On convergence in probability of martingale-like sequences (Q2714346)

Consider a Banach space \(E\), a complete probability space on it, an increasing sequence (\({\mathcal A}_{n}\)) (\(n \in {\mathbb N}\)) of subfields and \(X_{n} \in L^{1}(P) {\mathcal A}_{n}\)-measurable. The main theorem proved in the paper is that every Banach space valued \(V\)-game \((X_{n})\) (i.e. \(V\) is a cofinal subset of \({\mathbb N}\) and for every \(\varepsilon > 0\) there exists \(p \in {\mathbb N}\) such that \(P(\|X_{q}(v)-X_{q} \|>\varepsilon)<\varepsilon\) for all \(p \leq q \leq v\), \(q \in {\mathbb N}\), \(v \in V\), where \(X_{q}(v)\) is the conditional expectation of \(X_{v}\) with respect to \({\mathcal A}_{q}\)) with \(\liminf_{v\in V}E(\|X_{v}\|)<\infty\) represents uniquely as \(X_{n}=M_{n}+Y_{n}\), where \(M_{n}\) is a uniformly integrable martingale and \(Y_{n} \rightarrow 0\) in probability.

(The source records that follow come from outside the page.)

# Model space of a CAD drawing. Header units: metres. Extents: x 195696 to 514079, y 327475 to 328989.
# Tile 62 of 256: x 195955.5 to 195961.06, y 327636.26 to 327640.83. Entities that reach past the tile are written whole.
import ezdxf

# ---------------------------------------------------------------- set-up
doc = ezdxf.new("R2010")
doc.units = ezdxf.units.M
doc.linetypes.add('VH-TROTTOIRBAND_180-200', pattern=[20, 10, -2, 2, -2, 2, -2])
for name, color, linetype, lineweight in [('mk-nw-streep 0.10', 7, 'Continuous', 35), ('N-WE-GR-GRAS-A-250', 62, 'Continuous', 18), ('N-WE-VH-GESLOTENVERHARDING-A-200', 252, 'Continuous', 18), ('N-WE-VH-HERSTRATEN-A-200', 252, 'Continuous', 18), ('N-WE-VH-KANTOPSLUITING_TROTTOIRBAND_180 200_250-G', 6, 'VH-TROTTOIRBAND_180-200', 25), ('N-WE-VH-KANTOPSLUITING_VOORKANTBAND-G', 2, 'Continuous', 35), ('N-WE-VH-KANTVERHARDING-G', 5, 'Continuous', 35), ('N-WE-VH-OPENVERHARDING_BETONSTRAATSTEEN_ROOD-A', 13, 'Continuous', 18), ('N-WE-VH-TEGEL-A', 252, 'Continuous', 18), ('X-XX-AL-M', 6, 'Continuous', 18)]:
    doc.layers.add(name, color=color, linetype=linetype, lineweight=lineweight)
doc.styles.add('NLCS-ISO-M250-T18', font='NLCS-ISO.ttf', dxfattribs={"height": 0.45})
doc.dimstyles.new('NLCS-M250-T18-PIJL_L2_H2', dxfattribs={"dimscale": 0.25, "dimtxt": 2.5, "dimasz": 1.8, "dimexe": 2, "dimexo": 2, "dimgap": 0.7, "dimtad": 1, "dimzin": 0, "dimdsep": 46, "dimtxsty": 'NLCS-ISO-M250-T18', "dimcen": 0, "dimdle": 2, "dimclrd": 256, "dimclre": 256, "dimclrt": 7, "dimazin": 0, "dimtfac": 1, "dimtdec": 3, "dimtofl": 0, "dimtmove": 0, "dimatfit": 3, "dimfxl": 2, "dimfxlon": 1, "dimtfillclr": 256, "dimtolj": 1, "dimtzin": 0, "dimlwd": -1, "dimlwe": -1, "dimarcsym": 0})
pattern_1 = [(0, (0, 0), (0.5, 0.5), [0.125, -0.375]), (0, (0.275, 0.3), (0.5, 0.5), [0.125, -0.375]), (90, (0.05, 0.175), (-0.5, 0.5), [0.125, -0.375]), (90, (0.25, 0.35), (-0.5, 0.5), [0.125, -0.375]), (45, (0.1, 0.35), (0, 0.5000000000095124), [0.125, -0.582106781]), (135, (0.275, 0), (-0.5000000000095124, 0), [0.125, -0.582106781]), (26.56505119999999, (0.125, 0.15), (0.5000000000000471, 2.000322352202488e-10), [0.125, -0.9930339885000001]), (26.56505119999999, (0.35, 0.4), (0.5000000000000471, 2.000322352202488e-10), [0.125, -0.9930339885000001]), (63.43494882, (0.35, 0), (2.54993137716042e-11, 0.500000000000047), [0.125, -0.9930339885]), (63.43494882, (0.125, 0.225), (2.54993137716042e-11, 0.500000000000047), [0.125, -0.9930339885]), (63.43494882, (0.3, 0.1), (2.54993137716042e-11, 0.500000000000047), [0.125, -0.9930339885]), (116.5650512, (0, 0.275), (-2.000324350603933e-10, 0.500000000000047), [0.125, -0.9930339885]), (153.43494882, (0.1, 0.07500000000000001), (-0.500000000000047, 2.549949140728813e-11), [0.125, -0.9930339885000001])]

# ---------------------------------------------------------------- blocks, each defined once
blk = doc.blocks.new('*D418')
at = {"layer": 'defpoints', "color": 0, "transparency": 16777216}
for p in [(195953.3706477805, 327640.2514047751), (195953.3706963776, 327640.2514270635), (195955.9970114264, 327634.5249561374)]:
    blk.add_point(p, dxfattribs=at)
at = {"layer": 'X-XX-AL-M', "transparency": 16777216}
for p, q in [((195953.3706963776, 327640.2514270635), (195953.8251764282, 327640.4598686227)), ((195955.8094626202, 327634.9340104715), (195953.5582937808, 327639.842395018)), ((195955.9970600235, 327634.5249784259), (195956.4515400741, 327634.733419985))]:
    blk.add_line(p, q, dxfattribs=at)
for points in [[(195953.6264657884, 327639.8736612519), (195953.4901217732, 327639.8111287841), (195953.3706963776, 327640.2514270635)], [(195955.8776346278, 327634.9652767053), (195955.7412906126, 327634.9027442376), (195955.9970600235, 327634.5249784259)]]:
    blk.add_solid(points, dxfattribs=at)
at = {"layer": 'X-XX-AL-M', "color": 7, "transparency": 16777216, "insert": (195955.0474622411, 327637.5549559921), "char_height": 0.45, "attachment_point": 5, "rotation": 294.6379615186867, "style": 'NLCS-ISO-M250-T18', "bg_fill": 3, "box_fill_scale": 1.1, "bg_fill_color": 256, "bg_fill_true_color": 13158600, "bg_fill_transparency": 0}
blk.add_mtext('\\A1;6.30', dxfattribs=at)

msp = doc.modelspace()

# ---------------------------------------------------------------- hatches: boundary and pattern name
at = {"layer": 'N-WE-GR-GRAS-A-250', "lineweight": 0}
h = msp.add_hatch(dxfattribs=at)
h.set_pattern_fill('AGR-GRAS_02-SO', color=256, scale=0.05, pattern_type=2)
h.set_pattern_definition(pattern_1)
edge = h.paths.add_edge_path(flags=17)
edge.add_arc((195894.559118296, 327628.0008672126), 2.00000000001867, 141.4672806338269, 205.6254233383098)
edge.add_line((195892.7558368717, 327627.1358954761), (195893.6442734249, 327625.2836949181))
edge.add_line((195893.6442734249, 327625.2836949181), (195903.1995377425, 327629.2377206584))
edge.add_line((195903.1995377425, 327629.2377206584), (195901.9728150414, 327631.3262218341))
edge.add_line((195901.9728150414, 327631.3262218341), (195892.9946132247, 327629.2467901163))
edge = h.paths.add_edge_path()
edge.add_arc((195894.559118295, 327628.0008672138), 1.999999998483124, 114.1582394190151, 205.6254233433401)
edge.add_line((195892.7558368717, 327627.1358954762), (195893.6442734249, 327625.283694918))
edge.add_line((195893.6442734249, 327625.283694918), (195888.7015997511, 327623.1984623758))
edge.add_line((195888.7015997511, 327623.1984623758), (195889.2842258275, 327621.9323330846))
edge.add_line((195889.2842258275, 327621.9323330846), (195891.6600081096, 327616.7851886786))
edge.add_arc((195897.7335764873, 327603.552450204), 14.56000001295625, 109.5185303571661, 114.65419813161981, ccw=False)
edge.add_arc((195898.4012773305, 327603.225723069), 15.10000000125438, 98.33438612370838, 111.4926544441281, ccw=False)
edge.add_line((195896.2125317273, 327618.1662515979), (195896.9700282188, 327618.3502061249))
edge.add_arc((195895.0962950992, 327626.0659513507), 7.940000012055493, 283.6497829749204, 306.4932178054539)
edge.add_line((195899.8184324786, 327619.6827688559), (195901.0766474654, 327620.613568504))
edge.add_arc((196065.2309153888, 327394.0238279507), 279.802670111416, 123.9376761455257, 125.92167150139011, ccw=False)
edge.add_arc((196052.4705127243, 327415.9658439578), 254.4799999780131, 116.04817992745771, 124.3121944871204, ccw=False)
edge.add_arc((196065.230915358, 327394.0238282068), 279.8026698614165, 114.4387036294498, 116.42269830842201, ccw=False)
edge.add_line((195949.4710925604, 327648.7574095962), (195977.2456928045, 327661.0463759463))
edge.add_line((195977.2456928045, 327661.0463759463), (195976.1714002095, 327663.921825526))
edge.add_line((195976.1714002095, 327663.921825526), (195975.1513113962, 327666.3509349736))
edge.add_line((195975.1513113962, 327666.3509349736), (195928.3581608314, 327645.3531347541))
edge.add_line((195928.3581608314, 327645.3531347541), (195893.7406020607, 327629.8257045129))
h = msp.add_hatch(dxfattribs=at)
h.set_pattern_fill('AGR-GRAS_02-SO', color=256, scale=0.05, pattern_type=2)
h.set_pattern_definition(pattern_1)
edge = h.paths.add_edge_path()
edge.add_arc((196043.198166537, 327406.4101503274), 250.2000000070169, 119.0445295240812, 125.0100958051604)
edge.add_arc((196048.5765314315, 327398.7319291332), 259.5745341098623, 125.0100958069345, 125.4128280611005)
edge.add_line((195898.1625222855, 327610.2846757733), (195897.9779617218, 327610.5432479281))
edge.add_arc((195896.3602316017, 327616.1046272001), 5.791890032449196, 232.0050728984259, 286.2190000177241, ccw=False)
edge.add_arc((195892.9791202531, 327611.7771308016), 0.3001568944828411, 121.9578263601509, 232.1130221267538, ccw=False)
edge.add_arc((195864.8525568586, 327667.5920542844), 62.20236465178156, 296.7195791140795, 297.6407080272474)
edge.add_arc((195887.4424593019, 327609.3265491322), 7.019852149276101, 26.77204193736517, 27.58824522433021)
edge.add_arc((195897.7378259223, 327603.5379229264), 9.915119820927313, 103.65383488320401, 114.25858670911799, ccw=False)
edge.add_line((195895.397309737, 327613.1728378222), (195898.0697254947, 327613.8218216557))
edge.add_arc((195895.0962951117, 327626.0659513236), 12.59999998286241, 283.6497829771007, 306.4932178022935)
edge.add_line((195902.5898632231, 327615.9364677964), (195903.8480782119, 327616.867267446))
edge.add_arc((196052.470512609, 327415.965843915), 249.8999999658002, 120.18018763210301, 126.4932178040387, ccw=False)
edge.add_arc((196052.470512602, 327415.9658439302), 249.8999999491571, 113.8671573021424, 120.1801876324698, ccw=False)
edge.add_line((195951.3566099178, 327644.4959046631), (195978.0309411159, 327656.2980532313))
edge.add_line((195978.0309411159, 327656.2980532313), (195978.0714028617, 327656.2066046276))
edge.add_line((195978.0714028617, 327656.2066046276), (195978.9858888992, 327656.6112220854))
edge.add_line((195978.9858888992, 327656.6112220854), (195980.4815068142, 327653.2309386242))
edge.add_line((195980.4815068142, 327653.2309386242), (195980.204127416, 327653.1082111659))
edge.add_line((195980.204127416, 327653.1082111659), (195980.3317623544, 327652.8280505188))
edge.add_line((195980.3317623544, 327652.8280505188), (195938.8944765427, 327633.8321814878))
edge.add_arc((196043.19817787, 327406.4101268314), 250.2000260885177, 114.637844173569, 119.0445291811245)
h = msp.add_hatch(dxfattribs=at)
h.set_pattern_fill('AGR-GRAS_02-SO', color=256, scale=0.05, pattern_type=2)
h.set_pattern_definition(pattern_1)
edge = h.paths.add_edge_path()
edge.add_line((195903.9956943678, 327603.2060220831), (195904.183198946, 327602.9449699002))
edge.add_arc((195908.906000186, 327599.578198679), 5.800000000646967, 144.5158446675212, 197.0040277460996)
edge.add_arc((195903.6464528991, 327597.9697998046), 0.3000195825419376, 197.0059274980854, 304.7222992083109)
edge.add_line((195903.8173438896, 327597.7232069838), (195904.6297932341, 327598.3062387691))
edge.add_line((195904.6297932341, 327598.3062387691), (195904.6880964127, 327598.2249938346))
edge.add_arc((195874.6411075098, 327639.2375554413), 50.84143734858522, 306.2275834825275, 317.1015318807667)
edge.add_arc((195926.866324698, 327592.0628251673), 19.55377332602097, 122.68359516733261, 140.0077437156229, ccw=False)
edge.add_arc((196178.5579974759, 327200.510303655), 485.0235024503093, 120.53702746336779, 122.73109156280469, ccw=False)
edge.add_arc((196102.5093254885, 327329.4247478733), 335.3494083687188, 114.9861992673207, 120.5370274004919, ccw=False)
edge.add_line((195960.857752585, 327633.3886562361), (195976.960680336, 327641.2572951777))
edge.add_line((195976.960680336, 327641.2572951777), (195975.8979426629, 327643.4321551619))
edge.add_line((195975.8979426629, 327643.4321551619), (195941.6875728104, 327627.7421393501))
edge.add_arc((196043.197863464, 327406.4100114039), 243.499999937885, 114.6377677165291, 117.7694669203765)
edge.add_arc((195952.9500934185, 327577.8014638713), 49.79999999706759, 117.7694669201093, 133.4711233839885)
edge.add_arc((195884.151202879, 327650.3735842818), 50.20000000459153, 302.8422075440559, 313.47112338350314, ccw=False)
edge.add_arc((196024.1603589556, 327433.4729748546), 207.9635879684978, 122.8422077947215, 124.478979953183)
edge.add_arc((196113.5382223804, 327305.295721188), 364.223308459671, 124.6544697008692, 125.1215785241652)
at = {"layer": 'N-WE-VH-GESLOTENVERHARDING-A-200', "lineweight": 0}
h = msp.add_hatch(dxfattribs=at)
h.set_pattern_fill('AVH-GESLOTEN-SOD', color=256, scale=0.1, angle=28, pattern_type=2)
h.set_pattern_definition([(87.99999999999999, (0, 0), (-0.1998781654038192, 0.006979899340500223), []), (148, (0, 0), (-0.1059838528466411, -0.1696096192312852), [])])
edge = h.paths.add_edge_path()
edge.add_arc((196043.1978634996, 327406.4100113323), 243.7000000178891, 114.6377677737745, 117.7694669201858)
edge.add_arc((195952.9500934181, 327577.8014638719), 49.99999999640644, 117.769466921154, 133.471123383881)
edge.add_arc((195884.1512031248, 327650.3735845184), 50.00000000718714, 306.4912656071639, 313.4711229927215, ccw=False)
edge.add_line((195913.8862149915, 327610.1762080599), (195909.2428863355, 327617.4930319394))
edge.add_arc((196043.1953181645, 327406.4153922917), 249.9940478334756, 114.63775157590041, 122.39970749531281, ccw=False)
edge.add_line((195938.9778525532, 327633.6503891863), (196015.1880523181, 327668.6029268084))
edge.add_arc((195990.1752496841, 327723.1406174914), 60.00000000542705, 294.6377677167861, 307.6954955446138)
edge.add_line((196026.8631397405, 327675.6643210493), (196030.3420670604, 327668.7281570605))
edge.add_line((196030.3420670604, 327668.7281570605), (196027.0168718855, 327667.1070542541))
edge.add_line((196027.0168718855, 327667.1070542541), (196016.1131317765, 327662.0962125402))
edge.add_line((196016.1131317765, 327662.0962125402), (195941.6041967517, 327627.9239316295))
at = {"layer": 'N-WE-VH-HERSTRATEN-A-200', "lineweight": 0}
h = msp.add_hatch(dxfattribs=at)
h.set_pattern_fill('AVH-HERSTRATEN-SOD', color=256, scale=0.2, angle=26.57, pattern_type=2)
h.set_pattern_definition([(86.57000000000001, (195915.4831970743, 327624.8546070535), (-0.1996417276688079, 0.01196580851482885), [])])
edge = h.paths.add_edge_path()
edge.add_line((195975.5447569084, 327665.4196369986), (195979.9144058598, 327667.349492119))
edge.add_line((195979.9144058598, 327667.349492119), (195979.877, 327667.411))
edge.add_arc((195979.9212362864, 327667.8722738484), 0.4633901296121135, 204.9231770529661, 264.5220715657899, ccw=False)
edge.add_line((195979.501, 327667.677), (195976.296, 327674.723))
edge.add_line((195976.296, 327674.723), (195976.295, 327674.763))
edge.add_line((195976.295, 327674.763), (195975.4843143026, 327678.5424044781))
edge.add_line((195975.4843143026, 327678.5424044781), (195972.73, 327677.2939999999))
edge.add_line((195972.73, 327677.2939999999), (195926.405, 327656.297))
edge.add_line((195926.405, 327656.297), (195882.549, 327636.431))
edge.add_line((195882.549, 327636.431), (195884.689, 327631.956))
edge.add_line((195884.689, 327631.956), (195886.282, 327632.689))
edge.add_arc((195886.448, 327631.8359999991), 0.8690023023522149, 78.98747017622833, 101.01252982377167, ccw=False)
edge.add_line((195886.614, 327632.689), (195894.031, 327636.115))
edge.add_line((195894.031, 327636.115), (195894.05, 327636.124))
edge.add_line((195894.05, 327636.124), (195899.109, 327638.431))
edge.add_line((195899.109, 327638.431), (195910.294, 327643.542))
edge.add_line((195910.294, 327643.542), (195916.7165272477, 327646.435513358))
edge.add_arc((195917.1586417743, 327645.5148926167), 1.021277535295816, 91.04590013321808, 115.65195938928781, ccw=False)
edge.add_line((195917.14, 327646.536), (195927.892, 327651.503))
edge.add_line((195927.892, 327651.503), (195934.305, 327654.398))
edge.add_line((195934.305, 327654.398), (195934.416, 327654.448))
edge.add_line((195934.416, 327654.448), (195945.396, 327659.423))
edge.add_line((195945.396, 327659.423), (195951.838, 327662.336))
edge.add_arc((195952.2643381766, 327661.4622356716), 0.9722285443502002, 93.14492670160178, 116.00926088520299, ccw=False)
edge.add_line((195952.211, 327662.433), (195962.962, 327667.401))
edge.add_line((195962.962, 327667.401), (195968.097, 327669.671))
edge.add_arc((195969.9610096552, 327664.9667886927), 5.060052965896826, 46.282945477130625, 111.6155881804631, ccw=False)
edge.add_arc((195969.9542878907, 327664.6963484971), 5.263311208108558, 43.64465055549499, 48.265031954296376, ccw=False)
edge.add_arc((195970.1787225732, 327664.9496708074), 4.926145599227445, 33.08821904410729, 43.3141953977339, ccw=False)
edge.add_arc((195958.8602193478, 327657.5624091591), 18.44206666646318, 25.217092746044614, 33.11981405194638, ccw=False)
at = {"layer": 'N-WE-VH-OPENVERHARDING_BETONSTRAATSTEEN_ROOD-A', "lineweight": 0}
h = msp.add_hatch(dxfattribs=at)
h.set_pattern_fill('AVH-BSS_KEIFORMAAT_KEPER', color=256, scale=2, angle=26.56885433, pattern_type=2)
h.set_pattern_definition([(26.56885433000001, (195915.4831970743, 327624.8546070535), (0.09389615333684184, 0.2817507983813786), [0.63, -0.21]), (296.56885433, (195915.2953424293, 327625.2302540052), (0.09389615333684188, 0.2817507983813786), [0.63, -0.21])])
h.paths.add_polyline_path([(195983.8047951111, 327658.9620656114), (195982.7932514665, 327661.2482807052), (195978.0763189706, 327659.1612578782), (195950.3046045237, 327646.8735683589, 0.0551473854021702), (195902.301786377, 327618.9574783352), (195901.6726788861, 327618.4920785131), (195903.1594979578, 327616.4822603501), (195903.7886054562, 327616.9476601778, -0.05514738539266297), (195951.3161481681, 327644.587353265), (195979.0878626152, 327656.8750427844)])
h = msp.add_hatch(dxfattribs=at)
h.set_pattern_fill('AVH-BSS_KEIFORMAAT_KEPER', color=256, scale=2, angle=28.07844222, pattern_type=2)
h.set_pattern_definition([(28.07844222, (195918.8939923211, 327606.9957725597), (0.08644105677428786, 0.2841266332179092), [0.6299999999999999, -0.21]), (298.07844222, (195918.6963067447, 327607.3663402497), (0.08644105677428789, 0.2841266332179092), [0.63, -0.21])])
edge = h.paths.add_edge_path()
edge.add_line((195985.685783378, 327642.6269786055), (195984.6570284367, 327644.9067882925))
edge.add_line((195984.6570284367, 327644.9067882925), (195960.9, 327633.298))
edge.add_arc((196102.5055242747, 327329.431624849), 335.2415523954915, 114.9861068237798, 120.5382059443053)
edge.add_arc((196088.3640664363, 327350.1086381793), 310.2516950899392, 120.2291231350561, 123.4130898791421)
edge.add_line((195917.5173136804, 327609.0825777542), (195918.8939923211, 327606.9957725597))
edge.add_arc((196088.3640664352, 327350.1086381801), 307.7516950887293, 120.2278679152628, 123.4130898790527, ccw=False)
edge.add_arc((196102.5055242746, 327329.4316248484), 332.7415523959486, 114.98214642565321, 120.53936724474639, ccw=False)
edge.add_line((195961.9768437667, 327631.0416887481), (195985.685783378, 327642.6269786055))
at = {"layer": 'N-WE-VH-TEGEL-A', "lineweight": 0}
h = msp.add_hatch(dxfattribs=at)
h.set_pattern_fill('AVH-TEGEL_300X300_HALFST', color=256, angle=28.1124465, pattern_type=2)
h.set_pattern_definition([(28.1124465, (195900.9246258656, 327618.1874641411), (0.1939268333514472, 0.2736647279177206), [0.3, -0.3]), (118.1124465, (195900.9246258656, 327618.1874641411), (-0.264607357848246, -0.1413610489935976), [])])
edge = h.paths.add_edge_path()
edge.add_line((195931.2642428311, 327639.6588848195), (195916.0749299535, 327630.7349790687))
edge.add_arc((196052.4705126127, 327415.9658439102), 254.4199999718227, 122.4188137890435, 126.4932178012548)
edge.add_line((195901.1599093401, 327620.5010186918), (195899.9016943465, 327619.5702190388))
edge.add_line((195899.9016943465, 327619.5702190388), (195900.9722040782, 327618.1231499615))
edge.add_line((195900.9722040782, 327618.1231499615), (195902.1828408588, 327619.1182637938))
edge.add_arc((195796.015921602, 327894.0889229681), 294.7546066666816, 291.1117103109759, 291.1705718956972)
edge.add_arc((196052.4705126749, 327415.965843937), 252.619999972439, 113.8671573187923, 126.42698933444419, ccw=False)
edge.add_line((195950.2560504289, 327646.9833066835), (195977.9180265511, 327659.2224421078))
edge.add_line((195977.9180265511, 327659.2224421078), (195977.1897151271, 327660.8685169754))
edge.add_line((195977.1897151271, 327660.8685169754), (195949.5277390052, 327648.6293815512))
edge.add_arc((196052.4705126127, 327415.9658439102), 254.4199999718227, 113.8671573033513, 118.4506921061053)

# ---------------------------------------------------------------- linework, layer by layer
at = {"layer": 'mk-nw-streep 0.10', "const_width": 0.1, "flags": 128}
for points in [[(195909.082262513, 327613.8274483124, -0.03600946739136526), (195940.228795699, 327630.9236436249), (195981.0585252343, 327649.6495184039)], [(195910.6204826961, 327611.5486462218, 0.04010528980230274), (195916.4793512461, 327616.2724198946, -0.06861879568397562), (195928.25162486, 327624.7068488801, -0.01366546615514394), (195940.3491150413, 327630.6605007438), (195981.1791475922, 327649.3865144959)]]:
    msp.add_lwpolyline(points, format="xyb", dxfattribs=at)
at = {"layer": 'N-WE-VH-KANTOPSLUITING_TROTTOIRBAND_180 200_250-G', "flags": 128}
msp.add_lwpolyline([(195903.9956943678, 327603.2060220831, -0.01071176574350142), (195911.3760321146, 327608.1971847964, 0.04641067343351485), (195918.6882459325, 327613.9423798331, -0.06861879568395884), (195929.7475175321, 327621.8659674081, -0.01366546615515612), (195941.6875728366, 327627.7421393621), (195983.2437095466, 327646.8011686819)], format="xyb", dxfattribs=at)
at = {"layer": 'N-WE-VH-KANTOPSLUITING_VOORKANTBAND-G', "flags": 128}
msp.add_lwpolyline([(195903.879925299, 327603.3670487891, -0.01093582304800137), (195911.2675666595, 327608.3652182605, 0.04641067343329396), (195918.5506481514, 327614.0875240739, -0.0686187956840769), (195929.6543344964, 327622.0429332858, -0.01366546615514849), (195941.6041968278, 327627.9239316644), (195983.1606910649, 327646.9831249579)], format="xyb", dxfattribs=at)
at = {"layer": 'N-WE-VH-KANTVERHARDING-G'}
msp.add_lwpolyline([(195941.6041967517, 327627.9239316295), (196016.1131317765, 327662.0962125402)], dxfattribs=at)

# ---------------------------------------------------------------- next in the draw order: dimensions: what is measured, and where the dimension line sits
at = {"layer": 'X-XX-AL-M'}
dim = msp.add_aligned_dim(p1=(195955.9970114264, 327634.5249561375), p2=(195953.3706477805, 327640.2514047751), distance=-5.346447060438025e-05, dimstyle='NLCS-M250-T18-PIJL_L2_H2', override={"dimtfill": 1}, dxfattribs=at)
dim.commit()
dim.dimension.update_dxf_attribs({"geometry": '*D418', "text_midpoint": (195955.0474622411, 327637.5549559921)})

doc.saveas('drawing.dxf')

Corollaries are deduced. The proof, which does not rely on the author's paper [Acta Math. Hung. 59, No. 3--4, 273--281 (1992; Zbl 0802.46044)], passes by two lemmas, the first showing that \((X_{n})\) contains a subsequence which is a mil (for every \(\varepsilon > 0\) there exists \(p \in {\mathbb N}\) with \(P(\sup_{p\leq q\leq n}\|X_{q}(n)-X_{q} \|>\varepsilon)<\varepsilon\) for all \(n \geq p\)) and the second showing that if a subsequence of \((X_{n})\) converges to \(0\) in probability, then \((X_{n})\) itself does. The first lemma allows the use of results of \textit{M. Talagrand} [Ann. Probab. 13, 1192--1203 (1985; Zbl 0582.60055)].